Lynn, I think ur overthinking this. Few multiway dynamic speakers have a wavefront shape that is worth a darn!

But, properly done, horns have several superior qualities - small size is not one of them, if you keep to my philosophy of not having an xover in the "voice range". And, matching them to dynamic drivers in that range, if you want to keep it small is problematic as well.

The shape of the real wavefront, not the simple spherical idealization that people usually think of, is a big deal for the operation of the crossover and the overall image quality. Narrow-beam spikes or holes are very undesirable - although hard to measure, they are easy to hear, and make balancing the system very tricky and time-consuming.

Agreed.
But few dynamic speaker systems pay attention to this at all!

I've spent enough time twiddling and tweaking with the much smaller problem of cabinet-edge diffraction to take the shape of the wavefronts very seriously - and reading EG's writings closely and having extended phone chats with Alexander of RAAL have made it clear that deformed, uneven wavefronts are a serious problem with high-efficiency tweeters. Although the vertical height of a tall ribbon has implications for the overall frequency balance of the speaker at 2, 3, 4, and 5 meters (the narrow vertical beam of the ribbon falls off less with distance than the cone speakers), at least the impulse response is well-behaved over a wide lateral arc, an important criteria for image quality.

I am also a fan of tall speakers - ribbons or ESLs.
I own some! :D

I also have admit to I like the sound of ribbon microphones (RCA 44B/BX) compared to condenser mikes, and expect similar virtues in the inverse device - sweetness, beautiful tonal character, and a relaxed, natural sound that is also revealing of small details.
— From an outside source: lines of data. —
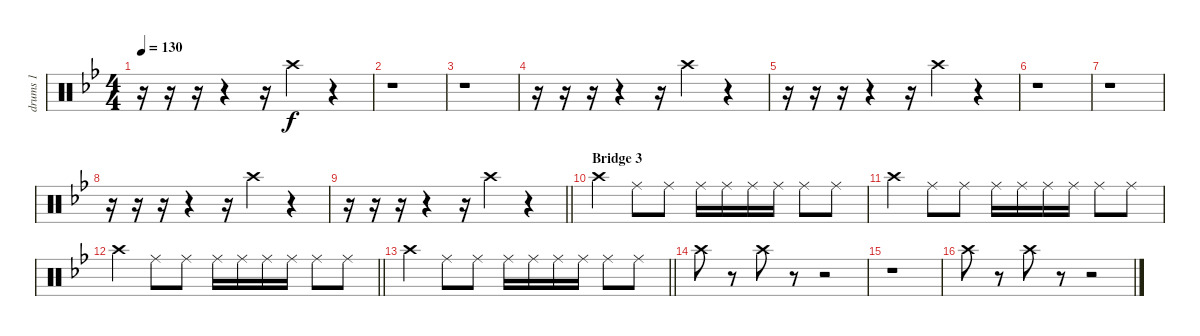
\track ("drums 1" "drums 1") {instrument percussion}
\staff {score}
\articulation defaults
\ts (4 4)
\tempo 130
\clef neutral
\ks bb
r.16{dy f} r.16 r.16 r.4 r.16 "Crash high (hit)".4 r.4 |
r.1 |
r.1 |
r.16 r.16 r.16 r.4 r.16 "Crash high (hit)".4 r.4 |
r.16 r.16 r.16 r.4 r.16 "Crash high (hit)".4 r.4 |
r.1 |
r.1 |
r.16 r.16 r.16 r.4 r.16 "Crash high (hit)".4 r.4 |
\barLineRight lightlight
r.16 r.16 r.16 r.4 r.16 "Crash high (hit)".4 r.4 |
\section ("" "Bridge 3")
"Crash high (hit)".4 "Ride (middle)".8 "Ride (middle)".8 "Ride (middle)".16 "Ride (middle)".16 "Ride (middle)".16 "Ride (middle)".16 "Ride (middle)".8 "Ride (middle)".8 |
"Crash high (hit)".4 "Ride (middle)".8 "Ride (middle)".8 "Ride (middle)".16 "Ride (middle)".16 "Ride (middle)".16 "Ride (middle)".16 "Ride (middle)".8 "Ride (middle)".8 |
\barLineRight lightlight "Crash high (hit)".4 "Ride (middle)".8 "Ride (middle)".8 "Ride (middle)".16 "Ride (middle)".16 "Ride (middle)".16 "Ride (middle)".16 "Ride (middle)".8 "Ride (middle)".8
|
\barLineRight lightlight "Crash high (hit)".4 "Ride (middle)".8 "Ride (middle)".8 "Ride (middle)".16 "Ride (middle)".16 "Ride (middle)".16 "Ride (middle)".16 "Ride (middle)".8 "Ride (middle)".8
|
"Crash high (hit)".8 r.8 "Crash high (hit)".8 r.8 r.2 |
r.1 |
"Crash high (hit)".8 r.8 "Crash high (hit)".8 r.8 r.2

So I'll leave it to others to explore what horns and waveguides can do - the choice of the tweeter, in all honesty, is a relatively small part of the overall design, and very much subject to personal taste. The most important decision - and this is subjective, again - is the choice of the wideband driver.

I guess much has to do with personal preferences in that tricky department of compromises, as well as one's own hearing & perceptions. My own experience is that the tweeter is absolutely critical, although no one component or factor trumps all the others.

This driver must be musically consonant and pleasing to listen to full-range; the tweeter and LF drivers are add-ons that are chosen after the widerange driver is selected. This is the same protocol that I used for the Ariel - it took several years to settle on the 5.5" Vifa midbass driver, which then drove the rest of the design. BudP's EnABL process expands the choices, which is all to the good, since there are very few really beautiful-sounding drivers in the 96~100 dB/metre efficiency range.

The concept of an open-baffle system with a single widerange driver, assisted by a frequency-selective open-baffle bass array, is pretty open-ended. A ribbon vs waveguide+compression driver will give a very different HF presentation, which is a matter of taste as much as anything. Similarly, choices in widerange driver span the distance from a modified Visaton B200 to highpass-filtered Lowthers and AERs to different models of guitar and prosound speakers to PHL and Fertin field-coil drivers.

It's interesting to hear how you conceptualize your system's factors. We're not very far apart in concept, perhaps slightly different in terms of the solutions we'd employ to solve the problem?